Die Kanzlei bot ihr dazu immer wieder die Möglichkeit. Und gerade deshalb fühlte sie sich dort so wohl.

Caris’ Begeisterung für die Reise war erheblich getrübt worden, als sich herausstellte, dass Harrison J. Peters mit ihr fliegen würde. Er verabscheute Leute, die rauchten. Wenn er geahnt hätte, dass Caris eine ziemlich starke Raucherin war …

Niemand in der Kanzlei wusste davon. Jedenfalls niemand von Bedeutung. Seit Jahren rauchte sie auf der Damentoilette und überdeckte den Geruch mit Mundspray und Chanel No. 5.

Die Sekretärinnen wussten natürlich alle Bescheid, behielten ihr Geheimnis jedoch für sich, um es sich nicht mit ihr zu verderben.

Aber es würde unmöglich sein, ihr Laster auf einer zweiwöchigen Reise auf eine abgelegene Insel vor der texanischen Küste zu verbergen, besonders vor Harrison.

Sie hatte geglaubt, es sei leicht, das Rauchen zugunsten ihrer Karriere aufzugeben. Aber jetzt, sechs Stunden nach ihrer letzten Zigarette, bezweifelte Caris, es zu schaffen.
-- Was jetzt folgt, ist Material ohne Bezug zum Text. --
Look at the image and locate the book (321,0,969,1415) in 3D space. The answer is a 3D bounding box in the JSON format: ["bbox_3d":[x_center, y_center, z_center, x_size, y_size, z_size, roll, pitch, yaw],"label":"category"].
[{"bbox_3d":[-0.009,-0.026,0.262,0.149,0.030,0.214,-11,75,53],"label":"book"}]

Ihr dröhnte der Kopf, und ihr Kiefer schmerzte vom vielen Kaugummikauen. Hätte sie sich doch nur eines dieser Nikotinpflaster besorgt!
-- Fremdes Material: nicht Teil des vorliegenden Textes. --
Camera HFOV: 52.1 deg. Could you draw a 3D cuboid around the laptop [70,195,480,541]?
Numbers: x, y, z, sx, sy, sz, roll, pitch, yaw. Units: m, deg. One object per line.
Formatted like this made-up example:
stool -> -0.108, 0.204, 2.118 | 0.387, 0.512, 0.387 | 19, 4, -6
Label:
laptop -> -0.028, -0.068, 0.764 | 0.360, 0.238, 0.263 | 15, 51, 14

Sie warf Harrison J. Peters III. einen verstohlenen Blick zu. Er schlief noch immer.

Wenn sie sich beeilte, konnte sie sich vielleicht auf der Toilette aus Toilettenpapier und Tabakkrümeln aus ihrer Handtasche eine Zigarette drehen.

Doch da setzte der Pilot bereits zur Landung an.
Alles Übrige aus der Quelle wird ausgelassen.